Animes - Os desenhos japoneses - Dúvidas e curiosidades
Contoh bagaimana anime telah mempengaruhi perdagangan produk.

Kartun Jepang di Brasil

Anime telah menjadi sangat populer di kalangan pemuda Brasil. Pada saat yang sama, itu adalah sesuatu yang dipertanyakan di antara beberapa pemuda dan dewasa. Brasil didominasi oleh rasa machisme yang buruk, di mana beberapa pemuda menganggap menonton kartun sebagai sesuatu yang kekanak-kanakan, tidak dapat memahami atau menyukai animasi, atau bahkan mengeluh membaca subtitle.

Dalam kasus orang dewasa, ada beberapa orang tua yang protektif atau religius yang tidak terinformasi. Mereka berpikir bahwa semua anime adalah gaya Yugioh, Dragon Ball, dan Naruto, penuh dengan kekerasan dan okultisme. Mereka benar-benar lupa bahwa ada genre.

Baca juga: Kontroversi agama yang berpikir bahwa semua dari Jepang adalah dari Setan!

Malangnya, Brasil terpengaruh buruk oleh anime, hingga masa lalu, satu-satunya animasi yang diterima di Brasil didiskriminasi oleh masyarakat dewasa, negara kita hanya menerima anime shounen aksi dengan konten supernatural atau tidak realistis.

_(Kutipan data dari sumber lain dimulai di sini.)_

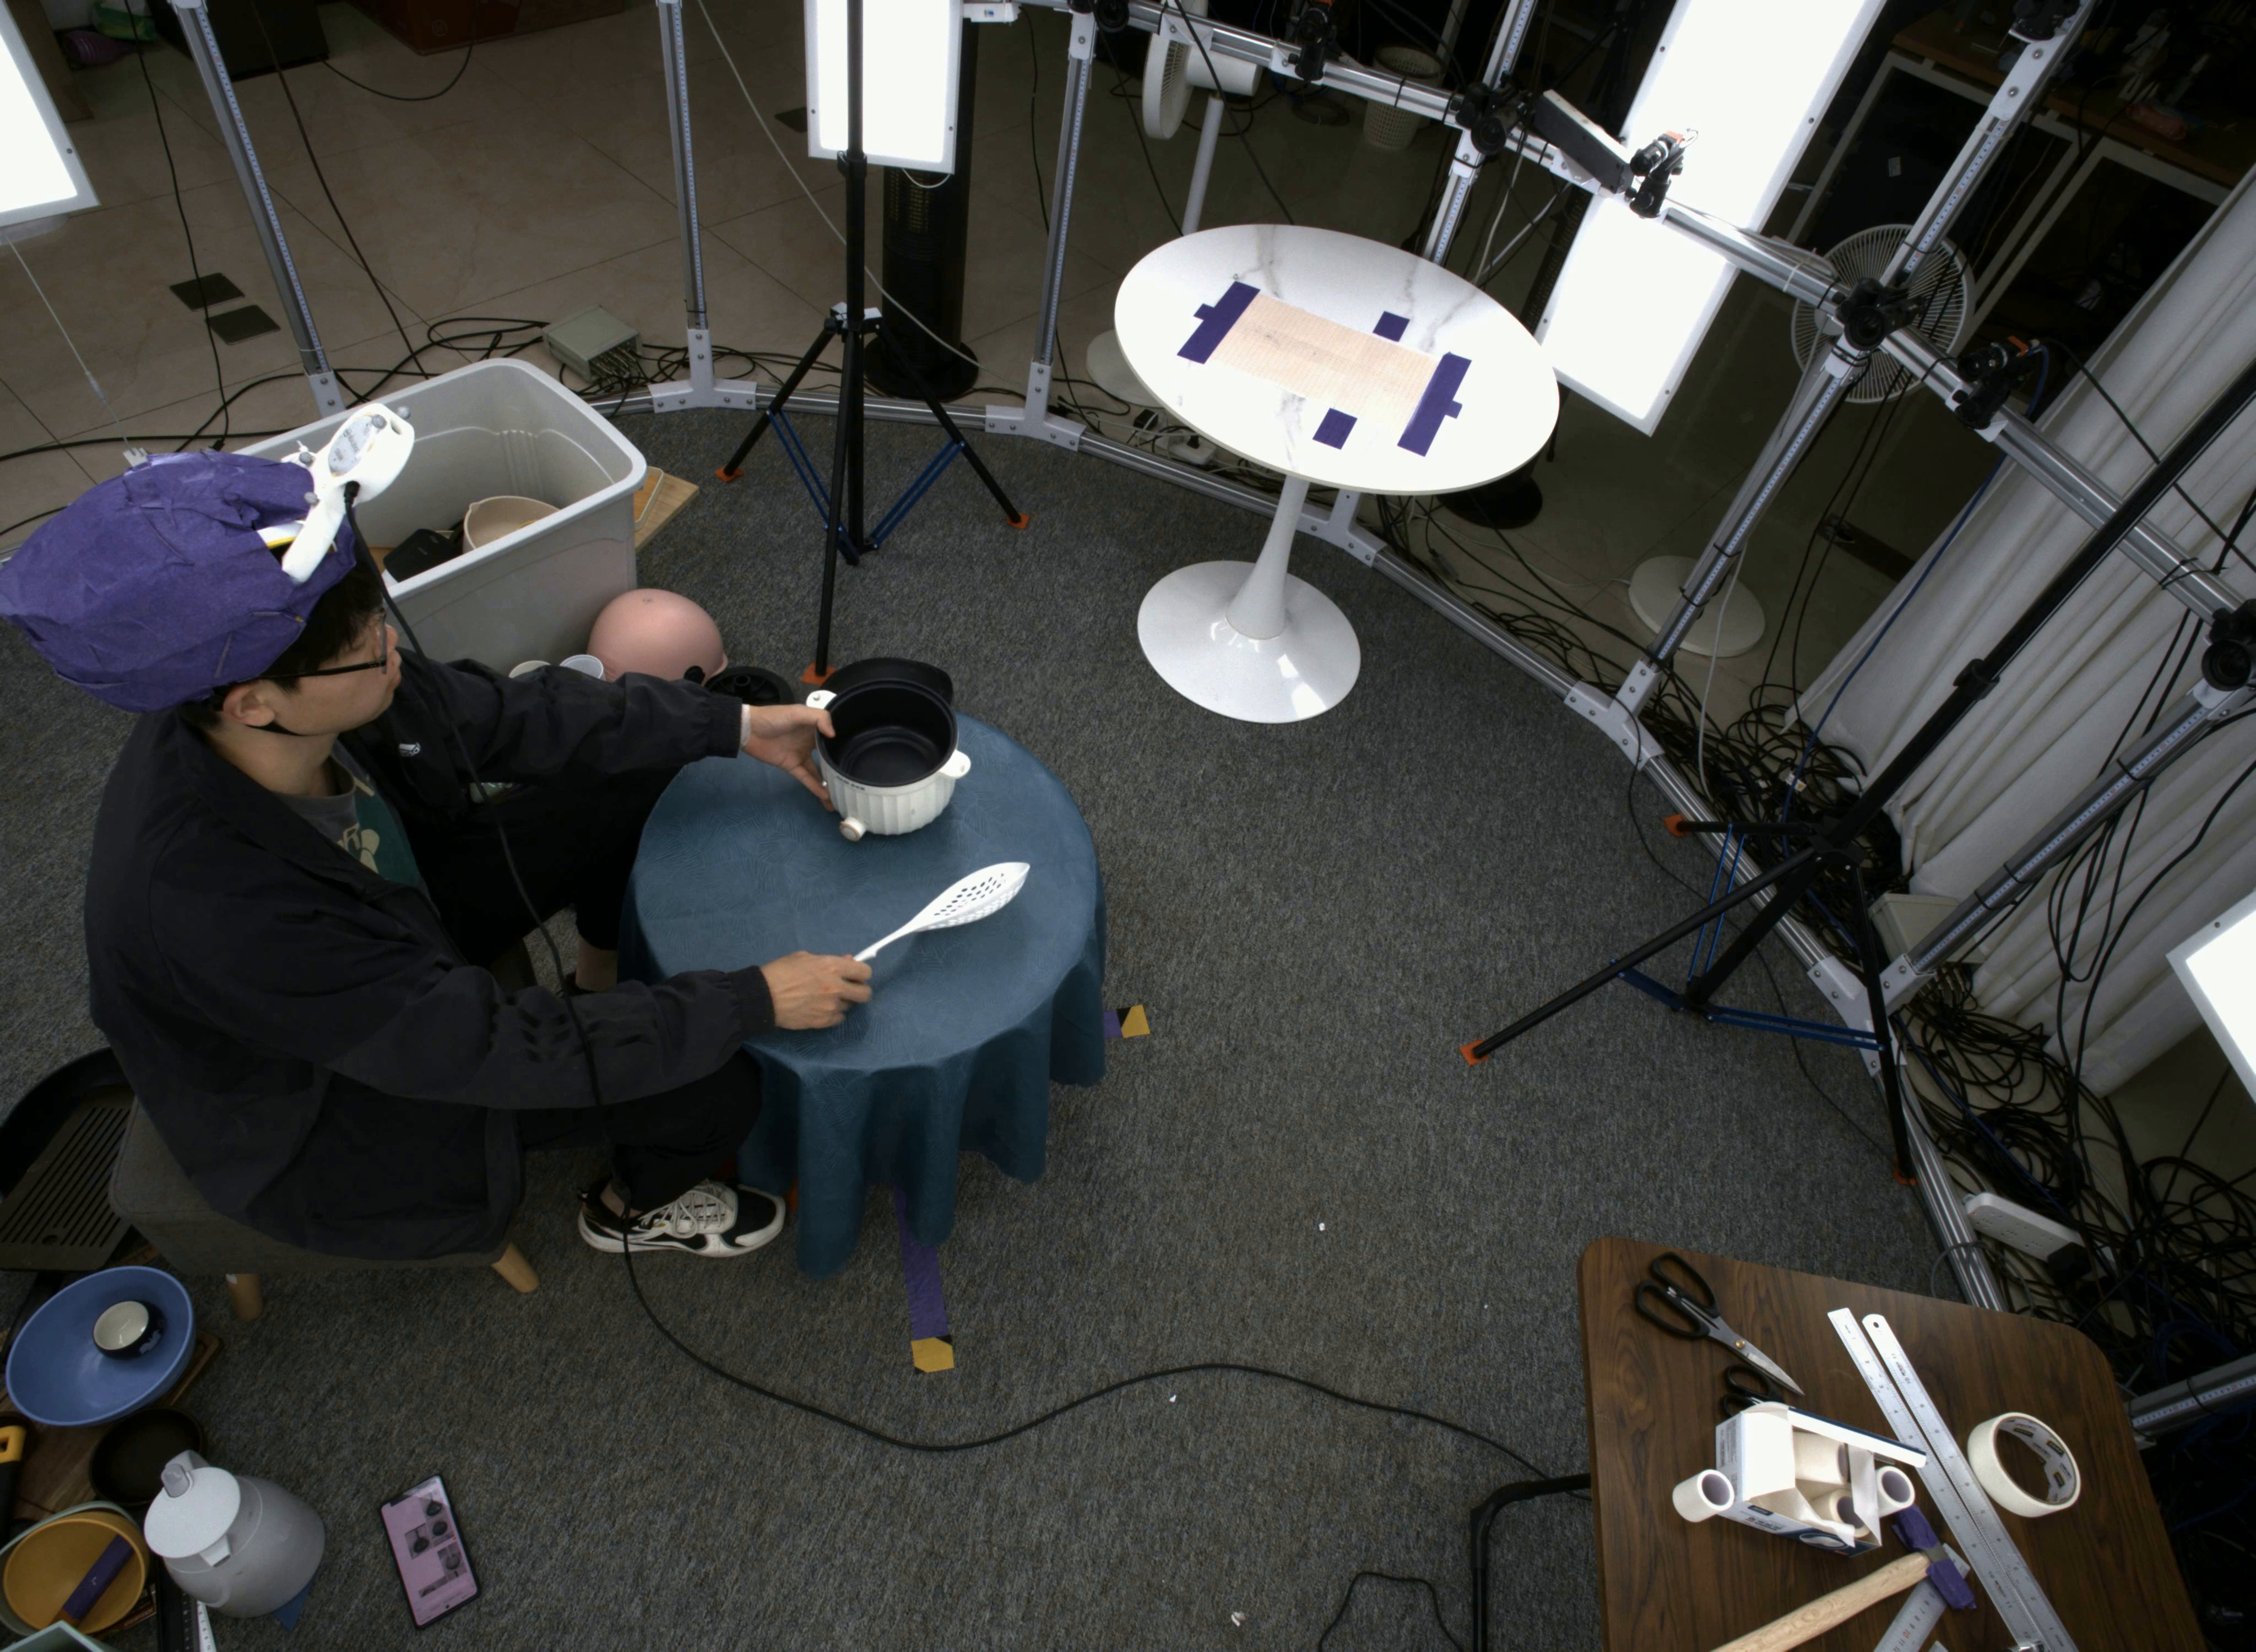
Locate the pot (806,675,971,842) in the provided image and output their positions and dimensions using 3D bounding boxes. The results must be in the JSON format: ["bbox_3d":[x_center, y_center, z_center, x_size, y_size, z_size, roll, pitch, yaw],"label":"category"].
[{"bbox_3d":[-0.317,-0.081,1.719,0.236,0.146,0.189,24,51,9],"label":"pot"}]

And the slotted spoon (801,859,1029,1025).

Animes - Os desenhos japoneses - Dúvidas e curiosidades

Saat ini tidak ada studio yang merilis animasi dalam bahasa kita, salah satu karya terkenal terakhir yang dirilis dalam bahasa Portugis adalah “Full Metal Alchemist Brotherhood”. Untungnya, manga telah mendapatkan popularitas berkat Panini, JBC, dan New POP, dan Netflix telah membawa beberapa anime yang di-dubbing untuk Barat.

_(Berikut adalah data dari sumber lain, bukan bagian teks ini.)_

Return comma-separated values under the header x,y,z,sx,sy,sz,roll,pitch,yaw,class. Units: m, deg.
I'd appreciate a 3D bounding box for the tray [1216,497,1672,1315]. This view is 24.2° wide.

Anime adalah sumber pengetahuan dan budaya yang besar tentang Jepang. Menonton mereka adalah mungkin untuk belajar banyak hal, termasuk bahasa. Anime sama sekali tidak dapat dianggap sebagai sesuatu untuk anak-anak, karena target audiensnya adalah pemuda dan dewasa.

Juga tidak dapat dianggap sebagai sesuatu yang unik, anime sangat beragam, jadi kita tidak dapat merujuk ke anime secara keseluruhan, ada genre adaptasi, dll. Jika Anda belum pernah menonton anime, beri kesempatan, Anda mungkin akan terkejut. Jangan lupa tinggalkan komentar dan pendapat Anda di bawah ini.

Kevin Henrique

Kevin Henrique

Pakar budaya Asia dengan pengalaman lebih dari 10 tahun, berfokus pada Jepang, Korea, anime, dan permainan. Penulis dan pelancong otodidak yang berdedikasi untuk mengajar bahasa Jepang, berbagi tips perjalanan, dan menjelajahi hal-hal menarik yang mendalam.

Eksplorasi konten lain dari Suki Desu

Langganan sekarang agar bisa terus membaca dan mendapatkan akses ke semua arsip.